— What you will do —
Leaving the pictures aside, repeat the entries exactly.

— Source records —
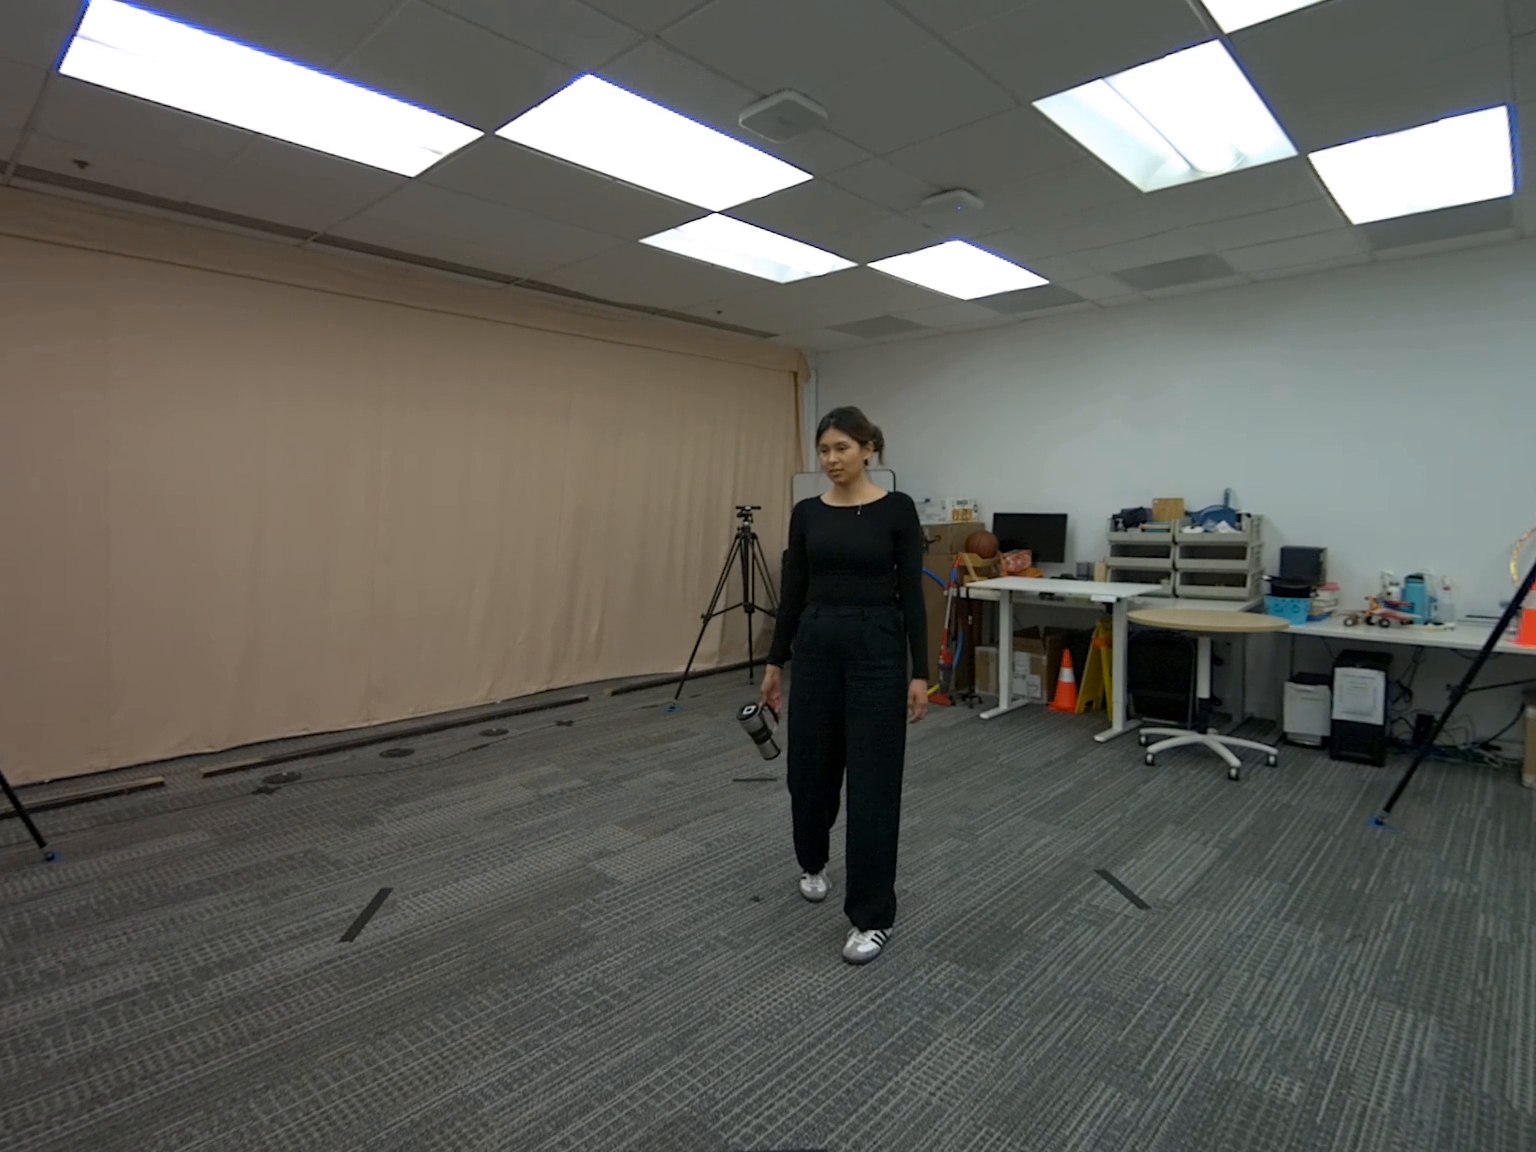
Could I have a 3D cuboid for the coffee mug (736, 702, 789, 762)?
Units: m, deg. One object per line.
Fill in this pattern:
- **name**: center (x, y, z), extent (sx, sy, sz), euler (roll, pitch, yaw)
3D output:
- **coffee mug**: center (-0.006, 0.546, 2.898), extent (0.125, 0.200, 0.087), euler (-17, 17, 43)
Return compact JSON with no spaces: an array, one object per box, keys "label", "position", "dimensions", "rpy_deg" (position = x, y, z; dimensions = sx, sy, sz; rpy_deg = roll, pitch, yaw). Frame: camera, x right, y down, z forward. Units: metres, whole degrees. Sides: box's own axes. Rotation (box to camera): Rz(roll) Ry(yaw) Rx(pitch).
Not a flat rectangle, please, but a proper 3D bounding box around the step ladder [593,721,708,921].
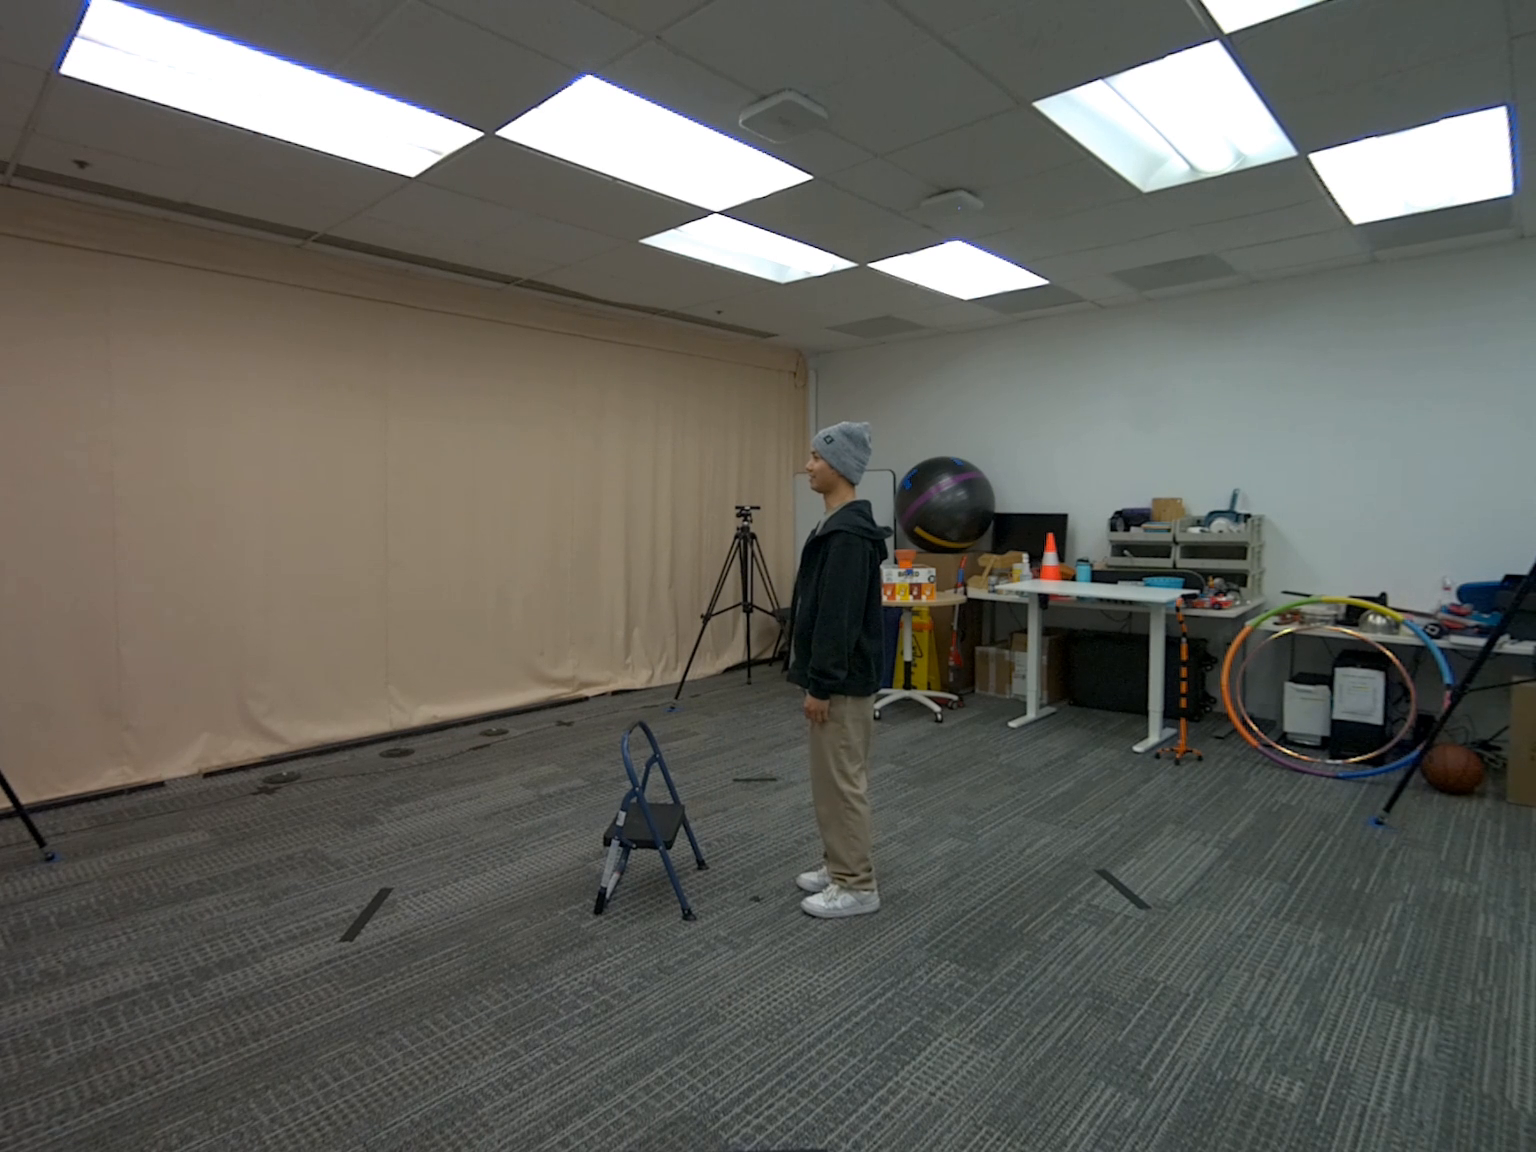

— Task response —
Could I have a 3D cuboid for the coffee mug (736, 702, 789, 762)?
Units: m, deg. One object per line.
Fill in this pattern:
- **name**: center (x, y, z), extent (sx, sy, sz), euler (roll, pitch, yaw)
3D output:
- **coffee mug**: center (-0.006, 0.546, 2.898), extent (0.125, 0.200, 0.087), euler (-17, 17, 43)
Return compact JSON with no spaces: an array, one object per box, keys "label", "position", "dimensions", "rpy_deg" (position = x, y, z; dimensions = sx, sy, sz; rpy_deg = roll, pitch, yaw). Frame: camera, x right, y down, z forward. Units: metres, whole degrees. Sides: box's own axes. Rotation (box to camera): Rz(roll) Ry(yaw) Rx(pitch).
Not a flat rectangle, please, but a proper 3D bounding box around the step ladder [593,721,708,921].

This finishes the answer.